Estas mesmas autoras, afirmam, ainda, que as áreas consideradas “clássicas” no
atendimento de mulheres em situação de violência não se restringem à área da saúde, mas
também são as da segurança publica ou do judiciário, por serem espaços em que ocorrem as
denúncias e acolhimentos e são nestes campos que ocorrem a angustia de profissionais ao
lidar com a questão da violência contra a mulher, pois não dispõem da capacitação necessária
para o atendimento adequado às mulheres vítimas de violência (JARDIM e PALTRINIERI,
2018). Para tanto, faz-se necessário o investimento em cursos de capacitação dos profissionais
que atuam no atendimento às mulheres vítimas de violência, assim como a inclusão do tema
“violência de gênero” nas grades curriculares dos cursos de graduação, conforme estabelece a
Lei Maria da Penha no inciso IX, artigo 8º: “o destaque, nos currículos escolares de todos os
níveis de ensino, para os conteúdos relativos aos direitos humanos, à equidade de gênero e de
raça ou etnia e ao problema da violência doméstica e familiar contra a mulher” (BRASIL,
2006).

5 CONSIDERAÇÕES FINAIS
Diante do que foi apresentado neste artigo, percebe-se que a discussão acerca das
políticas públicas deve estar presente em nosso cotidiano, visto que os contextos sociais e
históricos mudam constantemente.
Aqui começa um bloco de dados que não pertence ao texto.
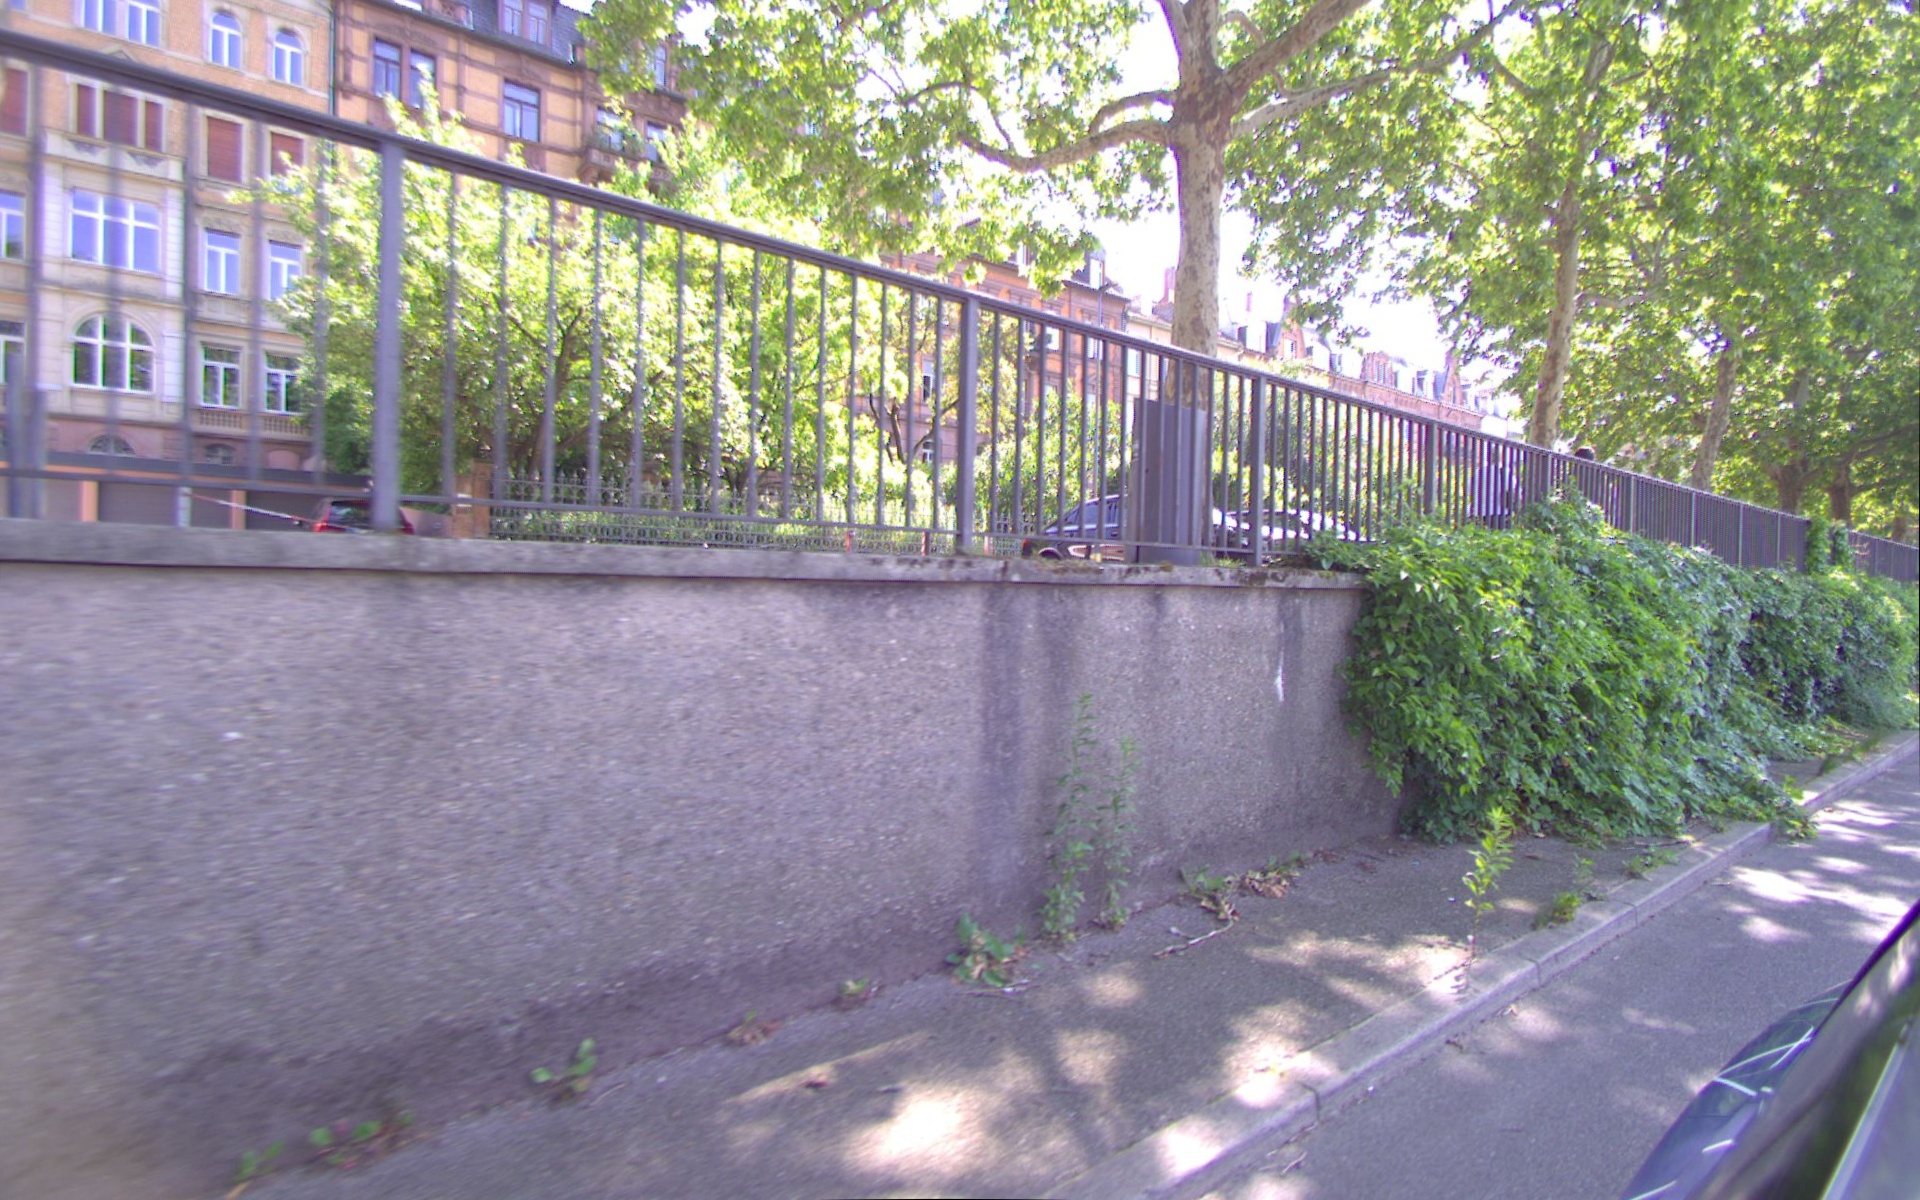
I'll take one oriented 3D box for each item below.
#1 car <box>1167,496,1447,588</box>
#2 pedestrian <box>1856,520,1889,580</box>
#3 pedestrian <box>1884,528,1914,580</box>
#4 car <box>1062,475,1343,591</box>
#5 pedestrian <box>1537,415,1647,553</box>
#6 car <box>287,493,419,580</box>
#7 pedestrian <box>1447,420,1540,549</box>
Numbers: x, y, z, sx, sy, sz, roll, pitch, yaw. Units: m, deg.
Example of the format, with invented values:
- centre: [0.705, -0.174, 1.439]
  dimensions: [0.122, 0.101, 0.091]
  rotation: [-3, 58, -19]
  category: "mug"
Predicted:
- centre: [5.292, -0.926, 15.693]
  dimensions: [3.724, 1.250, 1.649]
  rotation: [5, 3, 42]
  category: "car"
- centre: [25.710, -1.407, 28.532]
  dimensions: [0.646, 1.660, 0.617]
  rotation: [2, 1, 42]
  category: "pedestrian"
- centre: [26.182, -1.280, 28.231]
  dimensions: [0.584, 1.437, 0.580]
  rotation: [2, 1, 42]
  category: "pedestrian"
- centre: [2.998, -0.865, 13.183]
  dimensions: [1.484, 1.250, 3.540]
  rotation: [1, 3, -30]
  category: "car"
- centre: [6.820, -1.226, 10.926]
  dimensions: [0.800, 1.382, 0.754]
  rotation: [1, 3, -42]
  category: "pedestrian"
- centre: [-12.495, -1.223, 20.732]
  dimensions: [1.759, 1.556, 3.792]
  rotation: [1, 0, -40]
  category: "car"
- centre: [6.110, -1.299, 11.587]
  dimensions: [0.781, 1.382, 0.645]
  rotation: [1, 3, -42]
  category: "pedestrian"
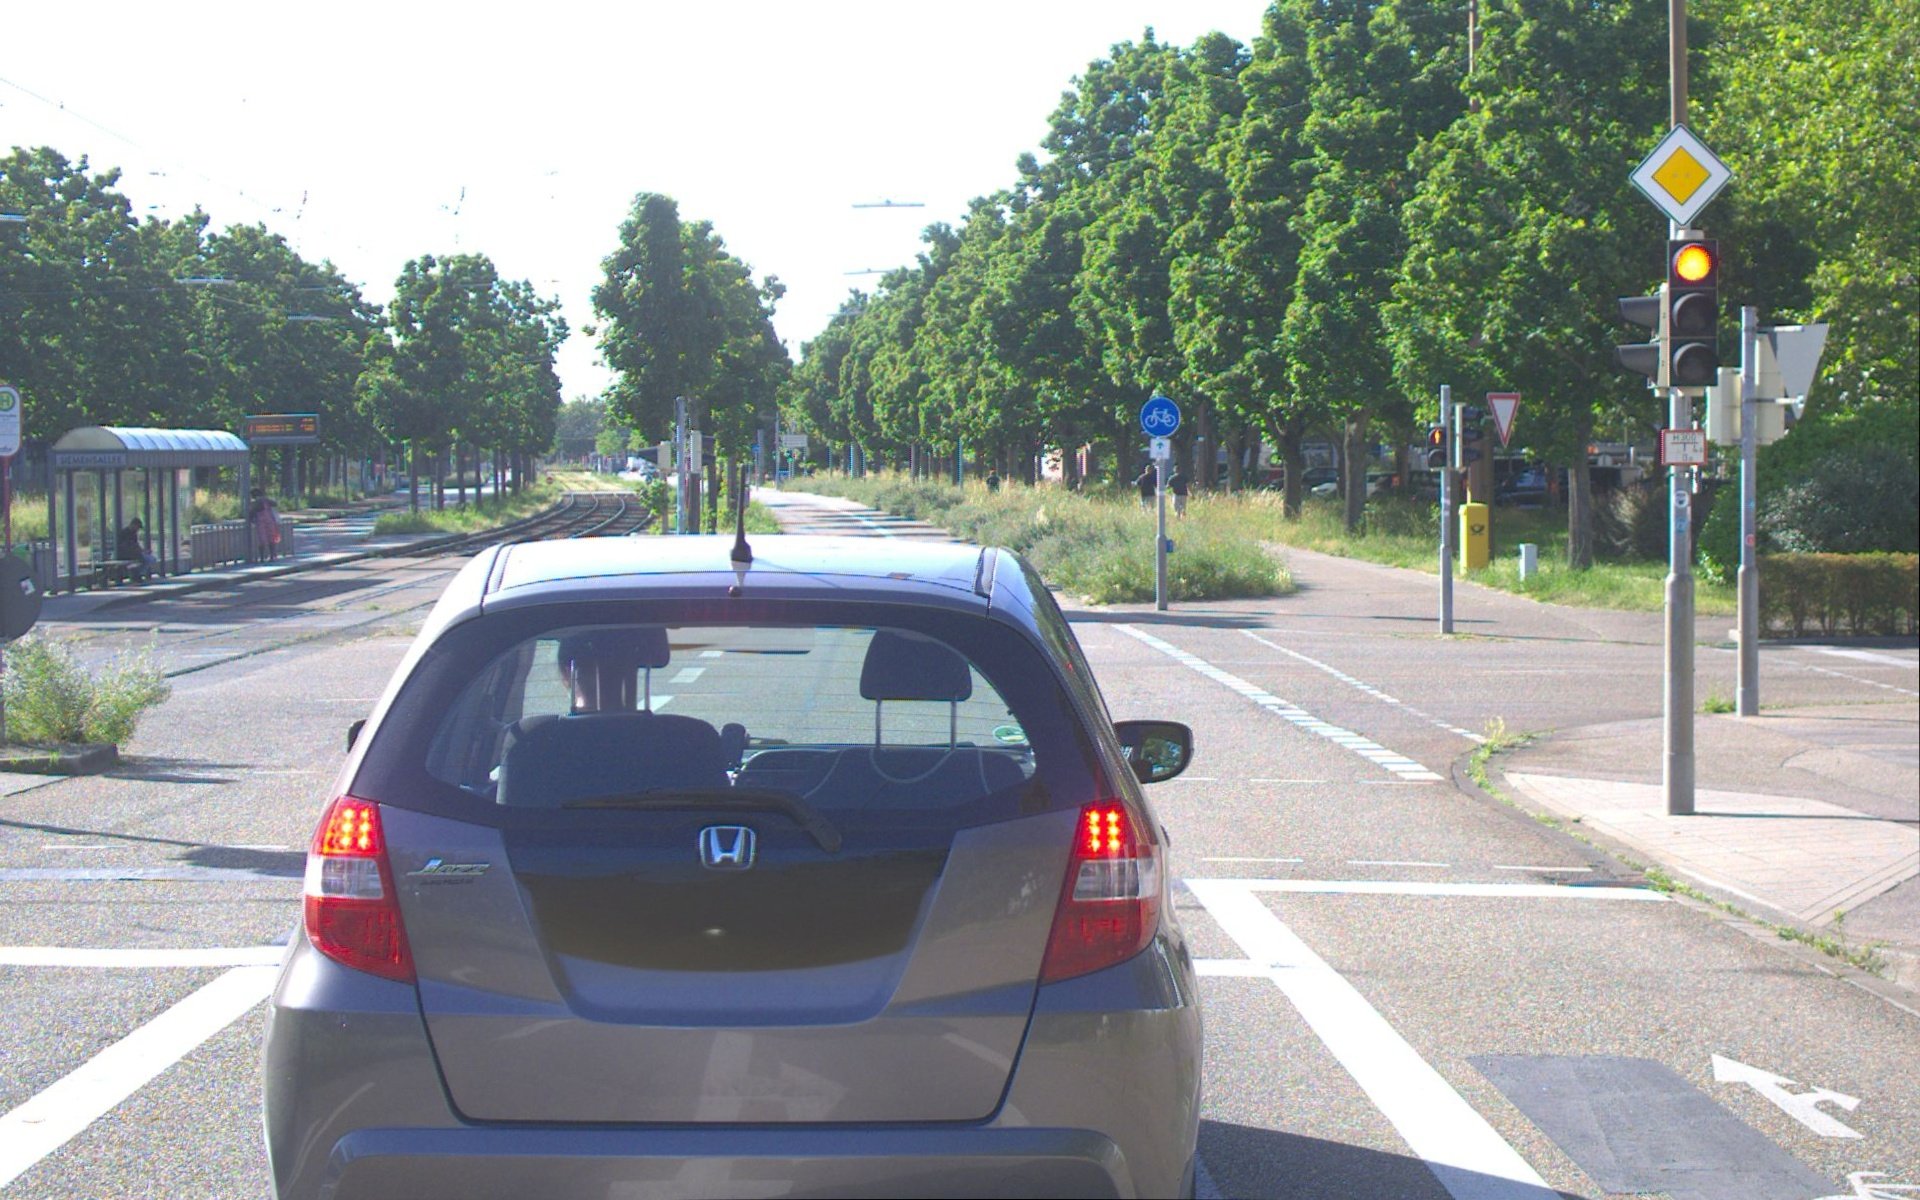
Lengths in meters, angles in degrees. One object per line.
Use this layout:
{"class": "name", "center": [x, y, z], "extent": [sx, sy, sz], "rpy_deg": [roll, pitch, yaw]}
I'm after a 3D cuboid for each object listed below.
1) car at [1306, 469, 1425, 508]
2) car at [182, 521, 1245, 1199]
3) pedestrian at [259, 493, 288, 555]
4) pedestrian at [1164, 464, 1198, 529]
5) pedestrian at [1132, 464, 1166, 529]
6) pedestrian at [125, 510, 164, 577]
{"class": "car", "center": [17.023, -4.695, 144.524], "extent": [4.630, 1.550, 2.001], "rpy_deg": [-1, 2, -6]}
{"class": "car", "center": [-0.419, 0.608, 7.384], "extent": [1.701, 1.518, 3.710], "rpy_deg": [0, 1, -1]}
{"class": "pedestrian", "center": [-15.998, -1.774, 80.089], "extent": [0.544, 1.442, 0.559], "rpy_deg": [-1, 1, -1]}
{"class": "pedestrian", "center": [6.447, -3.020, 100.286], "extent": [0.882, 1.877, 0.875], "rpy_deg": [-1, 2, -4]}
{"class": "pedestrian", "center": [5.507, -3.033, 100.272], "extent": [0.882, 1.877, 0.875], "rpy_deg": [-1, 2, -4]}
{"class": "pedestrian", "center": [-15.546, -1.081, 65.536], "extent": [0.563, 1.252, 0.581], "rpy_deg": [-3, 1, -1]}

Além disso, verificou-se a importancia do movimento
feminista e das mulheres na garantia de direitos às mulheres, mais especificamente, às
mulheres vítimas de violência.
No que concerne às políticas públicas, a criação da SOS- Mulher em São Paulo na
década de 1980, representou um marco no avanço às politicas publicas de assistência e
atendimento às mulheres vítimas de violência em todo o país, aliado a isso, o artigo 204 da
Constituição Federal de 1988 legou aos estados e municípios autonomia, o que representou a
possibilidade de implantação de políticas públicas e projetos objetivando a oferta aos cidadãos
serviços de uma forma mais independente.
A criação da Política Nacional de Enfrentamento à violencia contra a Mulher,
institucionalizou diretrizes e normas de assistencia e atendimento às mulheres vítimas de
19

violência, o que contribuiu para ampliar as discussões sobre o tema e a organização de formas
de acesso à estes meios de proteção. Do mesmo modo, a promulgação da Lei nº 11.340/2006,
Lei Maria da Penha e da Lei nº 13.104/2015, Lei do Feminicídio representou um grande passo
na luta contra a violência às mulheres.
Entretanto, cabe ressaltar que os altos indíces de violência contra as mulheres ainda
são altos, assim como os casos de feminicídio, o que nos leva a repensar as formas de
implantação e execução das políticas publicas vigentes. Nesse sentido, a capacitação dos
profisssionais que atendem a estas mulheres, assim como o investimento em infraestrura dos
locais de atendimento devem ser considerados nesta revisão, visto que muitos destes
profissionais não se sentem capacitados a realizar o atendimento adequado à estas mulheres
que já se encontram, na maior parte das vezes, fragilizadas pela agresssão sofrida.